Geiger T, Soldevila G, Flavell R A
Section of Immunobiology, Yale University School of Medicine, New Haven, CT.
J Immunol. 1993 Dec 15;151(12):7030-7.
The qualities of a peripheral Ag that determine whether T cells will be tolerant of or responsive to it are poorly understood. To approach this problem, we studied the T cell response in a line of transgenic mice selectively expressing an oncoprotein in the islets of Langerhans. The SV40 large tumor Ag (SV40-T) is directed to islet beta-cells in Rip1-Tag3 (RT3) mice by a hybrid insulin promoter-SV40-T construct. Ag is first detected on these cells between 10 and 12 wk after birth. RT3 mice were bred with mice expressing a transgenic rearranged TCR recognizing SV40-T in the context of the class I MHC molecule, H-2Kk. T cell response in the resultant RT3/TCR-double transgenic mice was then analyzed. T cells are fully responsive to SV40-T in RT3/TCR-transgenic mice, and T cells infiltrate the islets of both RT3 and RT3/TCR-transgenic mice. This work demonstrates that T cells may remain responsive to self-Ag expressed outside the thymus, and that this responsiveness may result in autoimmunity. The developmentally delayed expression or the oncogenic nature of SV40-T in the RT3-transgenic mice may be important in determining this T cell response.

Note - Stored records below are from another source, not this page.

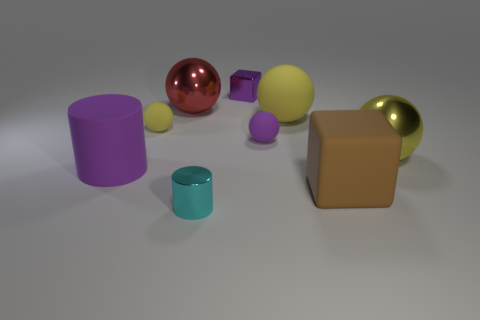How many yellow balls must be subtracted to get 1 yellow balls? 2 Subtract all rubber balls. How many balls are left? 2 Subtract all green cylinders. How many yellow balls are left? 3 Add 1 large red balls. How many objects exist? 10 Subtract all spheres. How many objects are left? 4 Subtract all red spheres. How many spheres are left? 4 Subtract 0 red cylinders. How many objects are left? 9 Subtract 1 spheres. How many spheres are left? 4 Subtract all green cubes. Subtract all brown spheres. How many cubes are left? 2 Subtract all small blue metal spheres. Subtract all small yellow rubber things. How many objects are left? 8 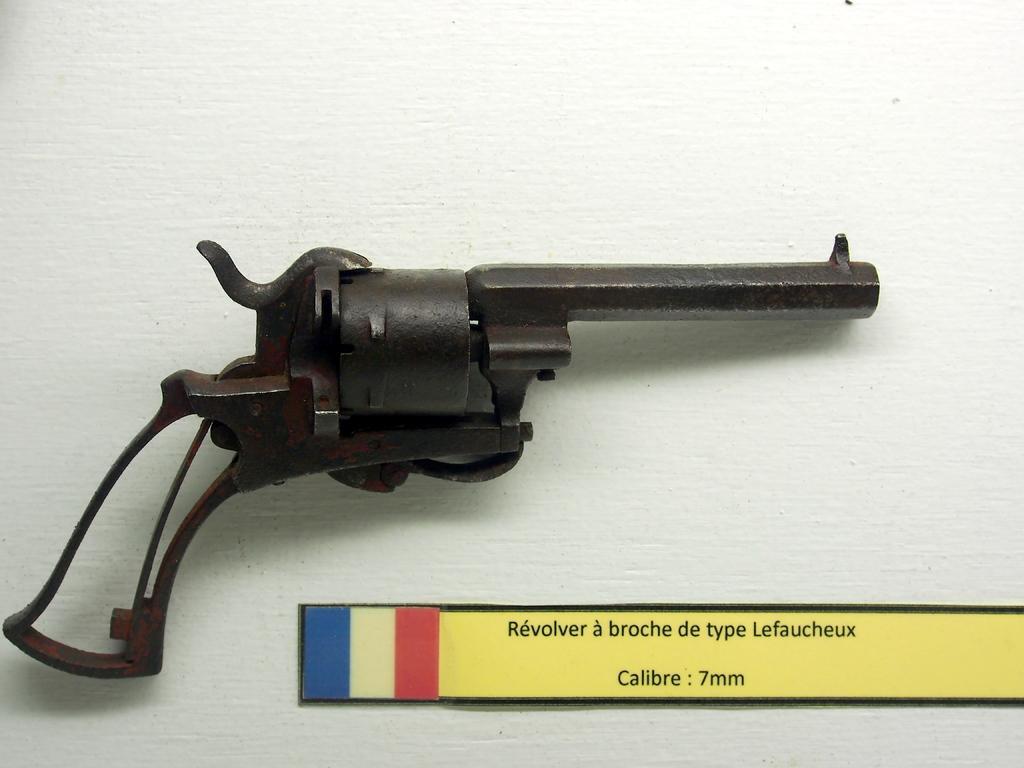In one or two sentences, can you explain what this image depicts? In this picture I can see a gun and a board on an object. 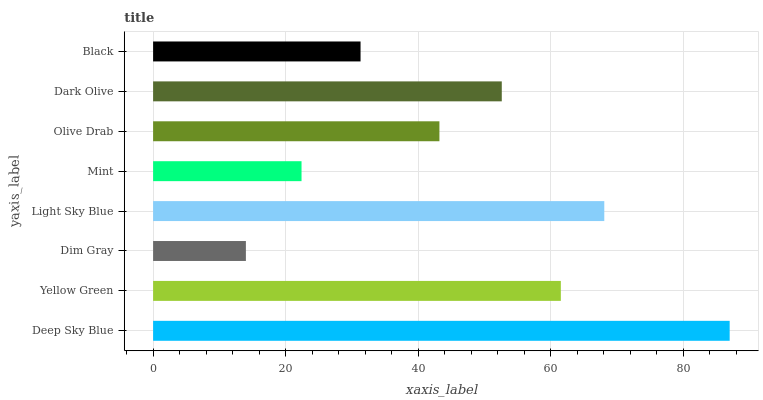Is Dim Gray the minimum?
Answer yes or no. Yes. Is Deep Sky Blue the maximum?
Answer yes or no. Yes. Is Yellow Green the minimum?
Answer yes or no. No. Is Yellow Green the maximum?
Answer yes or no. No. Is Deep Sky Blue greater than Yellow Green?
Answer yes or no. Yes. Is Yellow Green less than Deep Sky Blue?
Answer yes or no. Yes. Is Yellow Green greater than Deep Sky Blue?
Answer yes or no. No. Is Deep Sky Blue less than Yellow Green?
Answer yes or no. No. Is Dark Olive the high median?
Answer yes or no. Yes. Is Olive Drab the low median?
Answer yes or no. Yes. Is Black the high median?
Answer yes or no. No. Is Black the low median?
Answer yes or no. No. 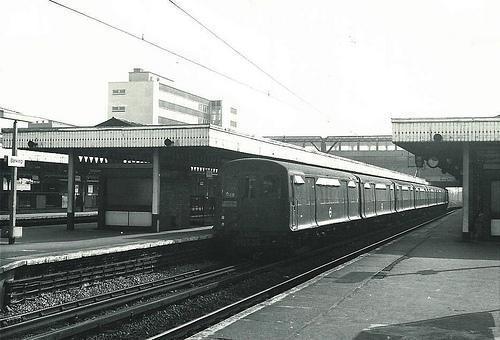How many trains are in the picture?
Give a very brief answer. 1. How many buildings are in the background?
Give a very brief answer. 1. How many power lines are above the train?
Give a very brief answer. 2. How many covered platforms are there?
Give a very brief answer. 3. 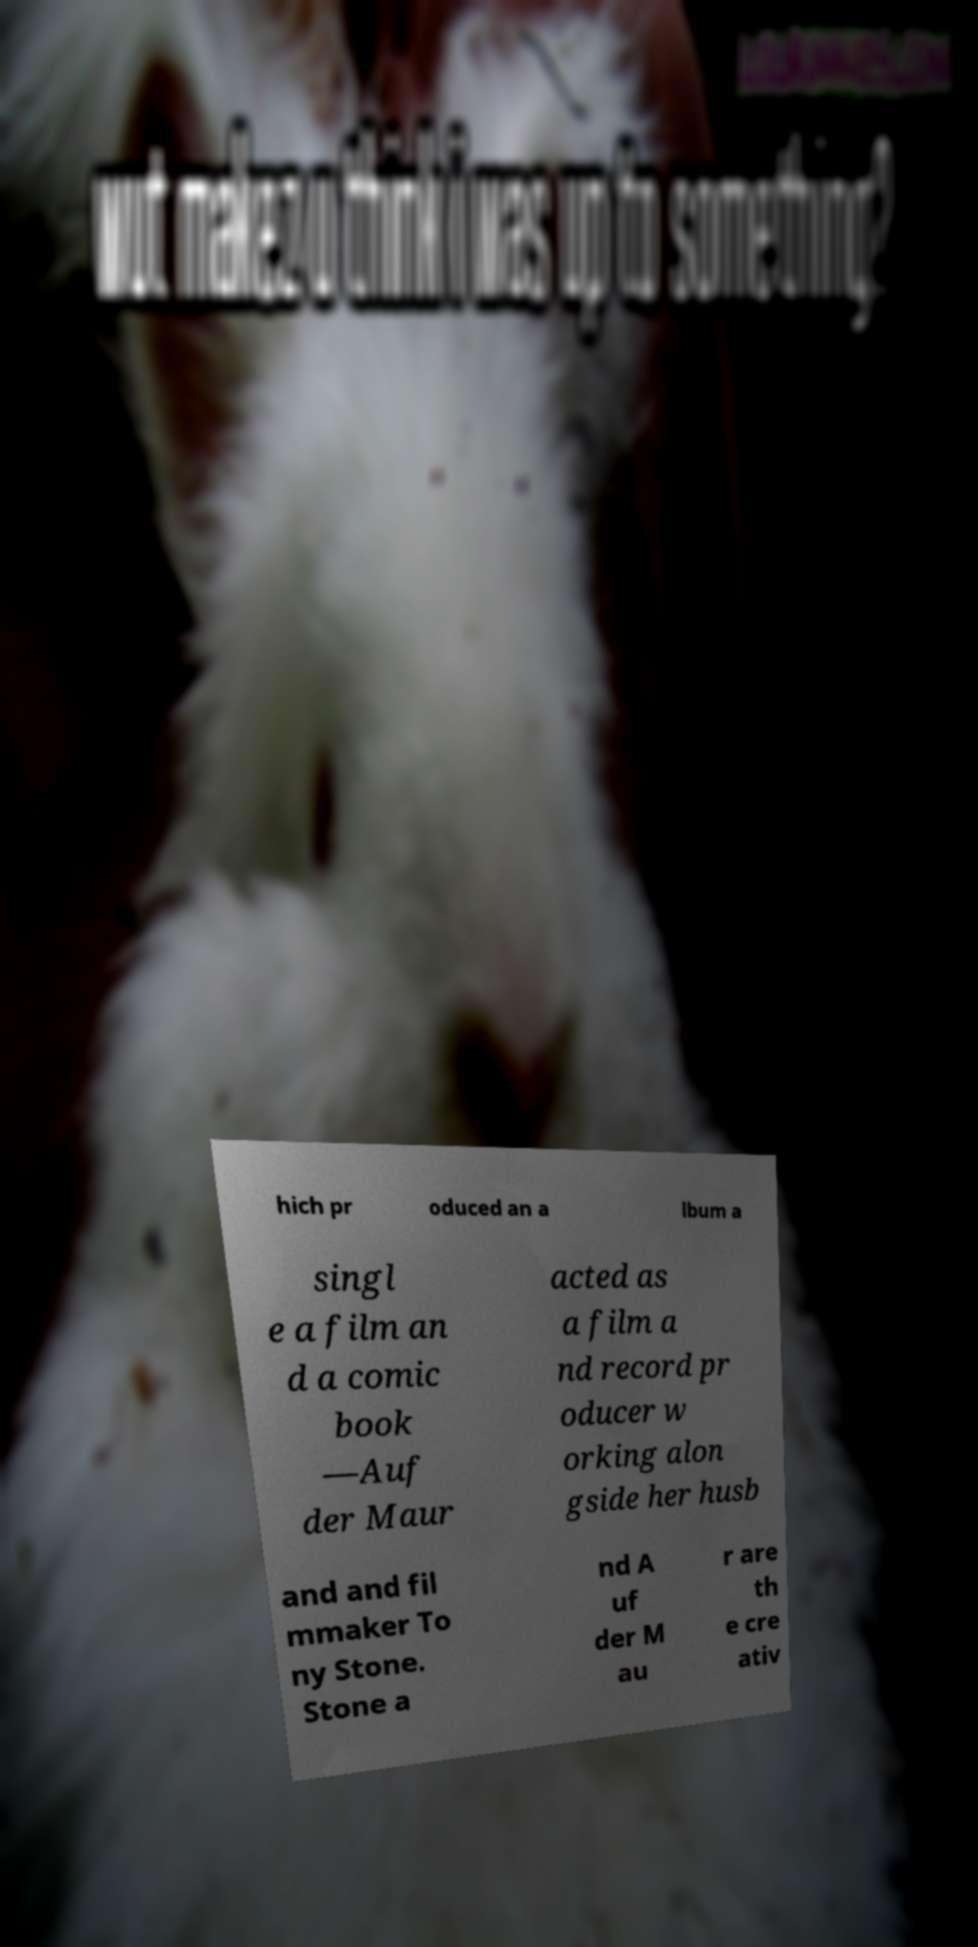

对于决定T细胞对其产生耐受还是产生应答的外周抗原的特性,人们了解甚少。为了解决这个问题,我们研究了在胰岛中选择性表达一种癌蛋白的转基因小鼠品系中的T细胞应答。通过杂交胰岛素启动子-SV40-T构建体,SV40大肿瘤抗原(SV40-T)被导向Rip1-Tag3(RT3)小鼠的胰岛β细胞。出生后10至12周之间首次在这些细胞上检测到抗原。将RT3小鼠与表达在I类MHC分子H-2Kk背景下识别SV40-T的转基因重排TCR的小鼠进行杂交。然后分析所得的RT3/TCR双转基因小鼠中的T细胞应答。在RT3/TCR转基因小鼠中,T细胞对SV40-T完全有应答,并且T细胞浸润RT3和RT3/TCR转基因小鼠的胰岛。这项工作表明,T细胞可能对外周表达的自身抗原有应答,并且这种应答可能导致自身免疫。RT3转基因小鼠中SV40-T发育延迟的表达或致癌性质在决定这种T细胞应答中可能很重要。